(Dataset records)
* * * * * * * * *
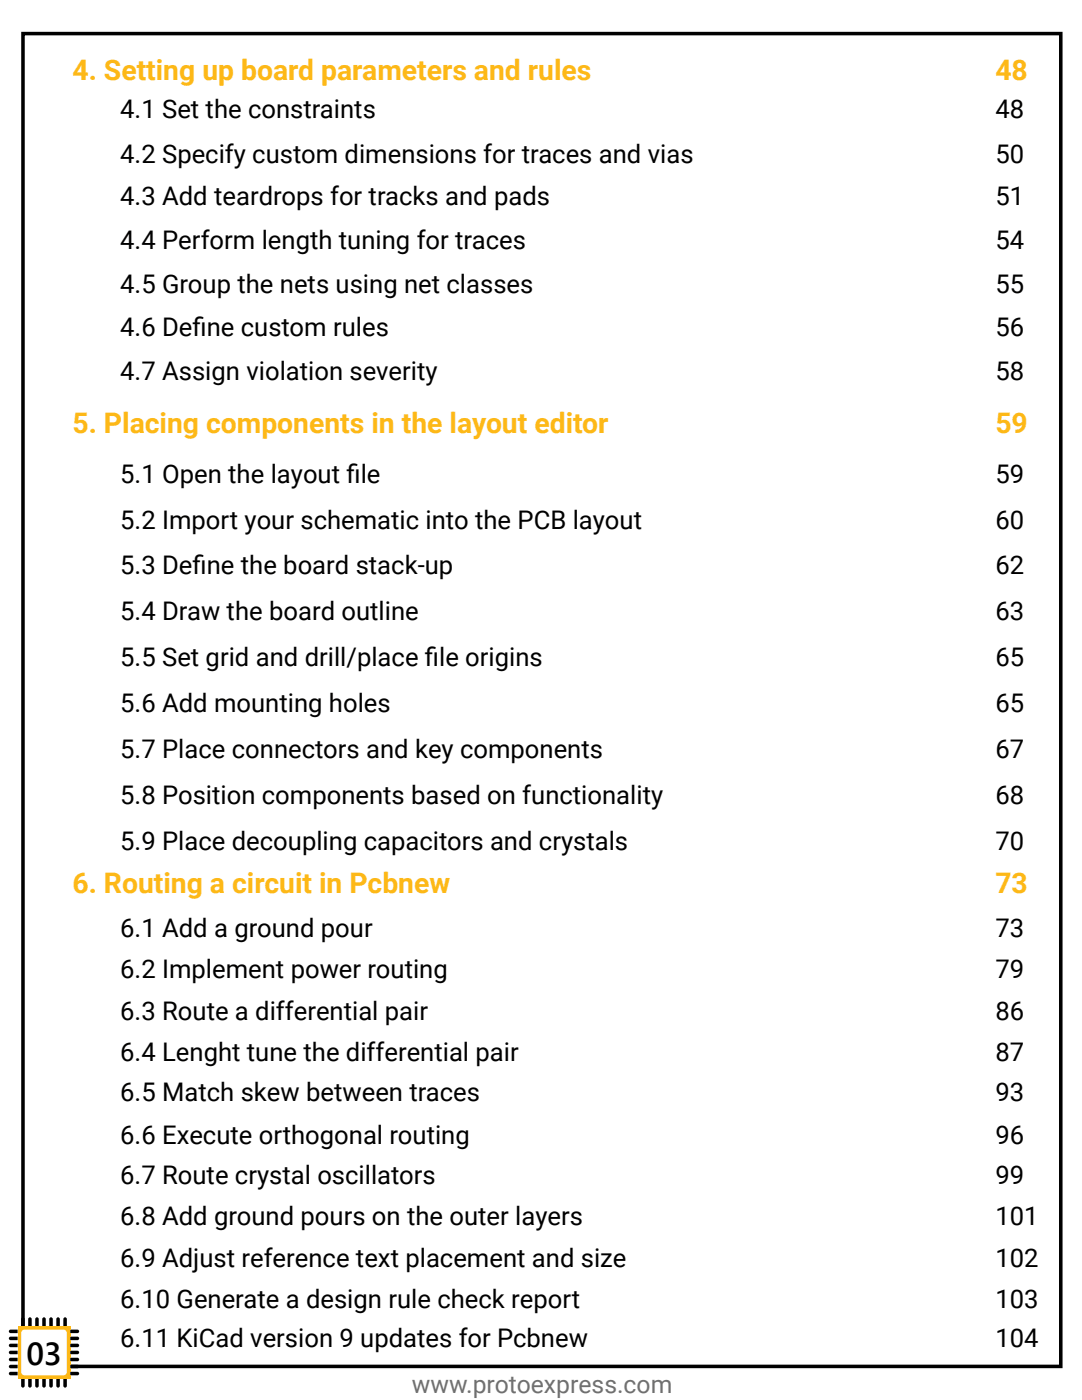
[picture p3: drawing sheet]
<svg xmlns="http://www.w3.org/2000/svg" width="216mm" height="279mm" viewBox="0 0 216 279" stroke-linecap="round" stroke-linejoin="round" font-family="sans-serif">
<defs><g id="words">
<text font-size="6.3" x="5.3" y="272.4">03</text>
<g font-size="5.6" fill="#fdb817">
<text x="14.5" y="15.9">4. Setting up board parameters and rules</text>
<text x="198.6" y="15.9">48</text>
<text x="14.5" y="86.4">5. Placing components in the layout editor</text>
<text x="198.6" y="86.4">59</text>
<text x="14.5" y="178.2">6. Routing a circuit in Pcbnew</text>
<text x="198.6" y="178.2">73</text>
</g>
<g font-size="5.1">
<text x="24" y="23.6">4.1 Set the constraints</text>
<text x="198.6" y="23.6">48</text>
<text x="24" y="32.5">4.2 Specify custom dimensions for traces and vias</text>
<text x="198.6" y="32.5">50</text>
<text x="24" y="40.9">4.3 Add teardrops for tracks and pads</text>
<text x="198.6" y="40.9">51</text>
<text x="24" y="49.7">4.4 Perform length tuning for traces</text>
<text x="198.6" y="49.7">54</text>
<text x="24" y="58.6">4.5 Group the nets using net classes</text>
<text x="198.6" y="58.6">55</text>
<text x="24" y="67">4.6 Def</text>
<text x="38.4" y="67">ine custom rules</text>
<text x="198.6" y="67">56</text>
<text x="24" y="75.8">4.7 Assign violation severity</text>
<text x="198.6" y="75.8">58</text>
<text x="24" y="96.3">5.1 Open the layout f</text>
<text x="69.1" y="96.3">ile</text>
<text x="198.6" y="96.3">59</text>
<text x="24" y="105.5">5.2 Import your schematic into the PCB layout</text>
<text x="198.6" y="105.5">60</text>
<text x="24" y="114.7">5.3 Def</text>
<text x="38.4" y="114.7">ine the board stack-up</text>
<text x="198.6" y="114.7">62</text>
<text x="24" y="123.8">5.4 Draw the board outline</text>
<text x="198.6" y="123.8">63</text>
<text x="24" y="133">5.5 Set grid and drill/place f</text>
<text x="84.8" y="133">ile origins</text>
<text x="198.6" y="133">65</text>
<text x="24" y="142.2">5.6 Add mounting holes</text>
<text x="198.6" y="142.2">65</text>
<text x="24" y="151.3">5.7 Place connectors and key components</text>
<text x="198.6" y="151.3">67</text>
<text x="24" y="160.5">5.8 Position components based on functionality</text>
<text x="198.6" y="160.5">68</text>
<text x="24" y="169.7">5.9 Place decoupling capacitors and crystals</text>
<text x="198.6" y="169.7">70</text>
<text x="24" y="187">6.1 Add a ground pour</text>
<text x="198.6" y="187">73</text>
<text x="24" y="195.1">6.2 Implement power routing</text>
<text x="198.6" y="195.1">79</text>
<text x="24" y="203.6">6.3 Route a differential pair</text>
<text x="198.6" y="203.6">86</text>
<text x="24" y="211.7">6.4 Lenght tune the differential pair</text>
<text x="198.6" y="211.7">87</text>
<text x="24" y="219.8">6.5 Match skew between traces</text>
<text x="198.6" y="219.8">93</text>
<text x="24" y="228.2">6.6 Execute orthogonal routing</text>
<text x="198.6" y="228.2">96</text>
<text x="24" y="236.4">6.7 Route crystal oscillators</text>
<text x="198.6" y="236.4">99</text>
<text x="24" y="244.5">6.8 Add ground pours on the outer layers</text>
<text x="198.6" y="244.5">101</text>
<text x="24" y="252.9">6.9 Adjust reference text placement and size</text>
<text x="198.6" y="252.9">102</text>
<text x="24" y="261.1">6.10 Generate a design rule check report</text>
<text x="198.6" y="261.1">103</text>
<text x="24" y="268.8">6.11 KiCad version 9 updates for Pcbnew</text>
<text x="198.6" y="268.8">104</text>
</g>
<text font-size="4.9" fill="#707070" x="82.2" y="278">www.protoexpress.com</text>
</g></defs>
<path d="M4.6 6.7h207.1v266h-207.1z" fill="none" stroke="#000" stroke-width=".71" stroke-linecap="butt"/>
<path d="M3.5 264.7h10.5v10.5h-10.5z" fill="#fdb817"/>
<path d="M4.4 265.6l.5-.2h7.7a.7 .7 0 0 1 .7 .7v7.7a.7 .7 0 0 1-.7 .7h-7.7a.7 .7 0 0 1-.7-.7v-7.7z" fill="#fff"/>
<g fill="#000">
<path d="M1.8 265.5l.3-.1h1.4v.7h-1.4a.35 .35 0 0 1-.3-.6zM1.8 266.9l.3-.1h1.4v.7h-1.4a.35 .35 0 0 1-.3-.6zM1.8 268.3l.3-.1h1.4v.7h-1.4a.35 .35 0 0 1-.3-.6zM1.8 269.7l.3-.1h1.4v.7h-1.4a.35 .35 0 0 1-.3-.6zM1.8 271.1l.3-.1h1.4v.7h-1.4a.35 .35 0 0 1-.3-.6zM1.8 272.5l.3-.1h1.4v.7h-1.4a.35 .35 0 0 1-.3-.6zM1.8 273.9l.3-.1h1.4v.7h-1.4a.35 .35 0 0 1-.3-.6zM4.3 263.1a.35 .35 0 0 1 .4-.2 .35 .35 0 0 1 .2 .3v1.5h-.7zM4.2 275.2h.7v1.4a.35 .35 0 0 1-.3 .3 .35 .35 0 0 1-.4-.3zM5.7 263.1a.35 .35 0 0 1 .4-.2 .35 .35 0 0 1 .2 .3v1.5h-.7zM5.6 275.2h.7v1.4a.35 .35 0 0 1-.3 .3 .35 .35 0 0 1-.4-.3zM7.2 262.9a.35 .35 0 0 1 .5 .3v1.5h-.7v-1.5z"/>
<path d="M7 275.2h.7v1.4a.35 .35 0 0 1-.3 .3 .35 .35 0 0 1-.4-.3zM8.5 263.1a.35 .35 0 0 1 .4-.2 .35 .35 0 0 1 .2 .3v1.5h-.7zM8.4 275.2h.7v1.4a.35 .35 0 0 1-.3 .3 .35 .35 0 0 1-.4-.3zM9.9 263.1a.35 .35 0 0 1 .4-.2 .35 .35 0 0 1 .2 .3v1.5h-.7zM9.8 275.2h.7v1.4a.35 .35 0 0 1-.3 .3 .35 .35 0 0 1-.4-.3zM11.3 263.1a.35 .35 0 0 1 .4-.2 .35 .35 0 0 1 .2 .3v1.5h-.7zM11.2 275.2h.7v1.4a.35 .35 0 0 1-.3 .3 .35 .35 0 0 1-.4-.3zM12.8 262.9a.35 .35 0 0 1 .5 .3v1.5h-.7v-1.5zM12.6 275.2h.7v1.4a.35 .35 0 0 1-.3 .3 .35 .35 0 0 1-.4-.3zM14 265.4h1.4a.35 .35 0 0 1 .4 .3 .35 .35 0 0 1-.4 .4h-1.4zM14 266.8h1.4a.35 .35 0 0 1 .4 .3 .35 .35 0 0 1-.4 .4h-1.4zM14 268.2h1.4a.35 .35 0 0 1 .4 .3 .35 .35 0 0 1-.4 .4h-1.4z"/>
<path d="M14 269.6h1.4a.35 .35 0 0 1 .4 .3 .35 .35 0 0 1-.4 .4h-1.4zM14 271h1.4a.35 .35 0 0 1 .4 .3 .35 .35 0 0 1-.4 .4h-1.4zM14 272.4h1.4a.35 .35 0 0 1 .4 .3 .35 .35 0 0 1-.4 .4h-1.4zM14 273.8h1.4a.35 .35 0 0 1 .4 .3 .35 .35 0 0 1-.4 .4h-1.4z"/>
</g>
<use href="#words"/>
</svg>
* * * * * * * * *
## What you need to do
State how many lines of the entries include the string "stroke", with nothing besides the number.

## Exercise answer
2